New Rejections, Arrests and Hotspots: The Migrants Italy Does Not Want to Protect But Continues to Exploit

Around 250 people in just one landing: this is the number of migrants, almost all Moroccans, who were handed rejection notices immediately after arriving in Pozzallo over a week ago on board the Golfo Azzurro. Photocopied rejection notices which impose that you leave the Italian state within seven days, via Fiumicino airport in Rome. This absurd, illegal, unconstitutional procedure has been carried out yet again, leading to the collective rejections of which Italy was found guilty by the European Court of Human Rights.

La nave Aquarius al porto di Catania

“Preliminary investigations” continue on the other fronts, into the search and rescue operations, with NGOs forced to demonstrate the transparency of their work, while the Libyan Coast Guard wait for the money promised by the Italian government to combat the infamous “smugglers”. In the meanwhile, the rescue operations at sea continue at an even pace, with around 2,000 migrants saved last weekend alone. And with them, the ‘deferred rejections’ are growing, and the arrests of the ‘alleged boat drivers’, and the dead.

The survivors of the latest crossing all left from Sabratha, Libya. The journey took around three days before finally arriving at Pozzallo, Catania, Augusta and Trapani. On the morning of Friday 7th April, 433 people arrived in Catania on board the Aquarius, including many women who spoke to staff on board about the abuse and maltreatment they received immediately before departure. Most of the new arrivals were from Bangladesh and Morocco: the high number of North African citizens, and the fact that the police organised for them to be among the first to land, provided a forewarning of mass rejections – which we were, unfortunately, able to confirm a few hours later.

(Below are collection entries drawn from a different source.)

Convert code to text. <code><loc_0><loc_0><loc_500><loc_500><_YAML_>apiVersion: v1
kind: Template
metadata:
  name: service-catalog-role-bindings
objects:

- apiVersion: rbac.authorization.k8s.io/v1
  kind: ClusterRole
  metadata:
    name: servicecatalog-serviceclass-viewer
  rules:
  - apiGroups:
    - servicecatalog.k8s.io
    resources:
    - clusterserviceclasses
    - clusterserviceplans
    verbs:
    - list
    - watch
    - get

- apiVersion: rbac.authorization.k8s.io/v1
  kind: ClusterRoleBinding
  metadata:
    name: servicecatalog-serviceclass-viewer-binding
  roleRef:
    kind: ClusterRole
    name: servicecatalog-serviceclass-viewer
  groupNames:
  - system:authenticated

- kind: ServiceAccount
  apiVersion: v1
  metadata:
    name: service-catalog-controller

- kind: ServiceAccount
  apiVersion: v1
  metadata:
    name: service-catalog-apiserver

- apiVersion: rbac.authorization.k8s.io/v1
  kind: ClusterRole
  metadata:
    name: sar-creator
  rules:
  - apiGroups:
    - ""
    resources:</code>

In fact, it was only three and a half hours after the end of landing operation that we came across dozens of young Moroccan men who had left the port with nothing except a bag from the Red Cross (which we saw contained water, a change of clothes, and some food), and a rejection notice ordering them to leave Italy within seven days. We found them the next morning in the premises of the train station, along with staff from the OpenEurope project. With the help of a mediator, they had provided them with some basic legal information the evening before, as well as kit for their bare necessities, a telephone card and some information on where in the city they could get a warm meal, a change of clothes and take a shower. The majority of them are determined to continue their journeys to other places, but for some of them it is not even possible to decipher signs written in Italian. “I want to go to Spain” – ‘A.’ told us in broken French – “I have friends there, relatives, a second family. But coming this way was the only way to do it.”

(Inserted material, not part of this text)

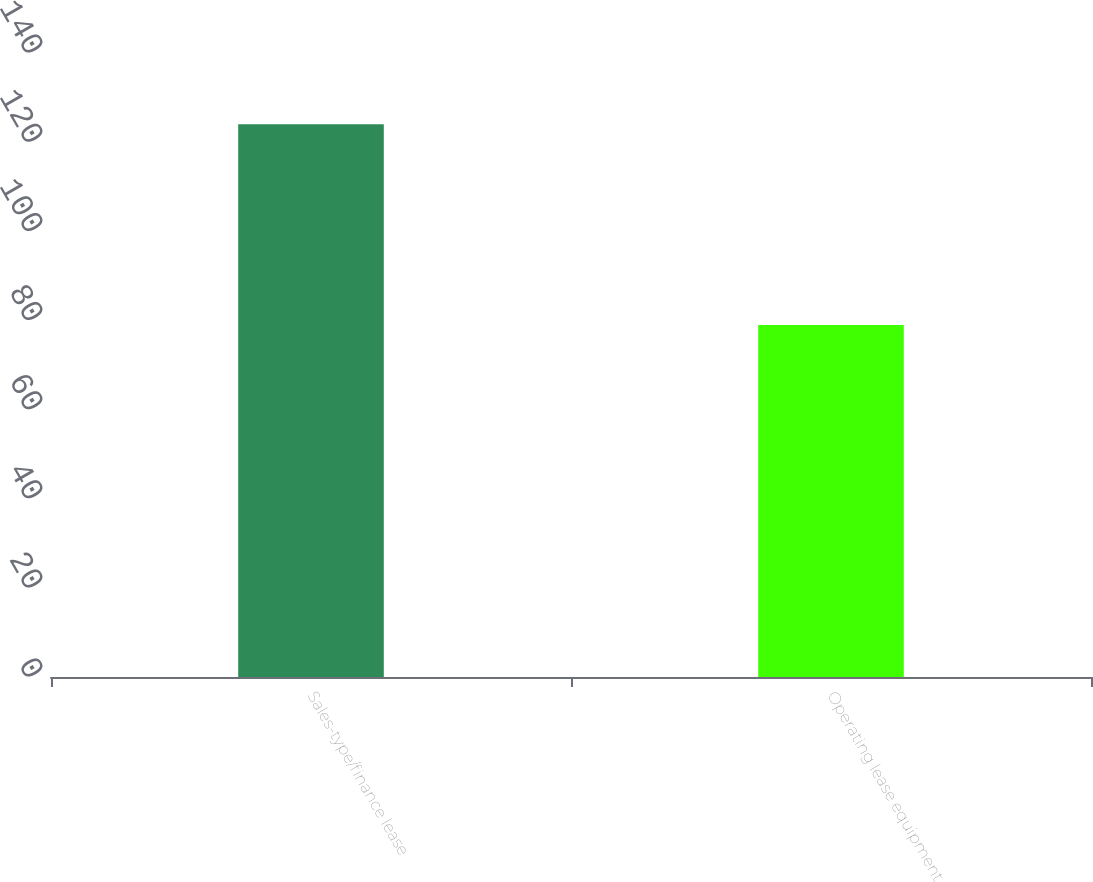Convert chart to OTSL. <chart><loc_0><loc_0><loc_500><loc_500><bar_chart><fcel>Sales-type/finance lease<fcel>Operating lease equipment<nl><fcel>124<fcel>79<nl></chart> 
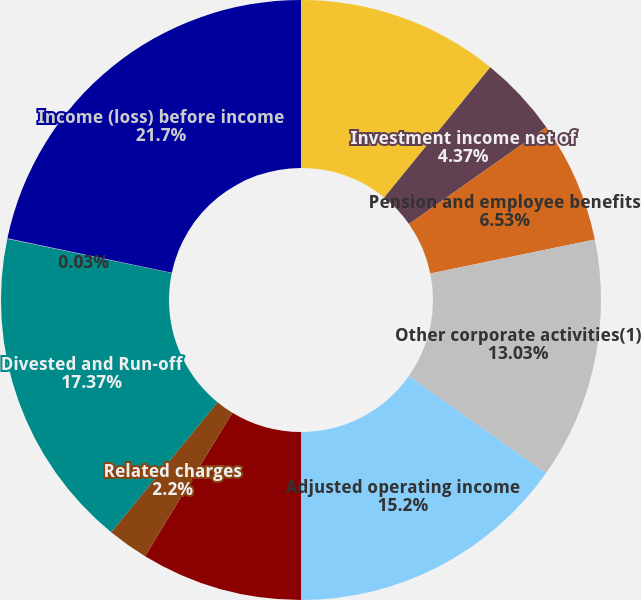Convert chart. <chart><loc_0><loc_0><loc_500><loc_500><pie_chart><fcel>Capital debt interest expense<fcel>Investment income net of<fcel>Pension and employee benefits<fcel>Other corporate activities(1)<fcel>Adjusted operating income<fcel>Realized investment gains<fcel>Related charges<fcel>Divested and Run-off<fcel>Unnamed: 8<fcel>Income (loss) before income<nl><fcel>10.87%<fcel>4.37%<fcel>6.53%<fcel>13.03%<fcel>15.2%<fcel>8.7%<fcel>2.2%<fcel>17.37%<fcel>0.03%<fcel>21.7%<nl></chart>

The rejected young Moroccans at Catania train station

There are around 80 young men passing through the train station in this situation; they explained how they were interrogated by the police about why they have escaped to Italy, only for the majority of them to be removed from the port with the legal notices which we already know all too well. The signs of exhaustion and the difficulty of communication means we have serious doubts about whether it was possible, in the space of a few hours, to fully inform hundreds of people of the situation, and examine each person’s situation while respecting the right to individual protection. How many of these young men have understood what is happening, and above all what the rejection notice in their hands means for their future? What protection of basic rights is guaranteed to those who are left in the street like this, in a foreign country, without documents, money or even much ability to communicate? Italy is simply continuing with the production of invisible, irregular persons, who from the North to the South are filling up the ranks of black market and exploitative work, blocked from exercising even the few rights left to them.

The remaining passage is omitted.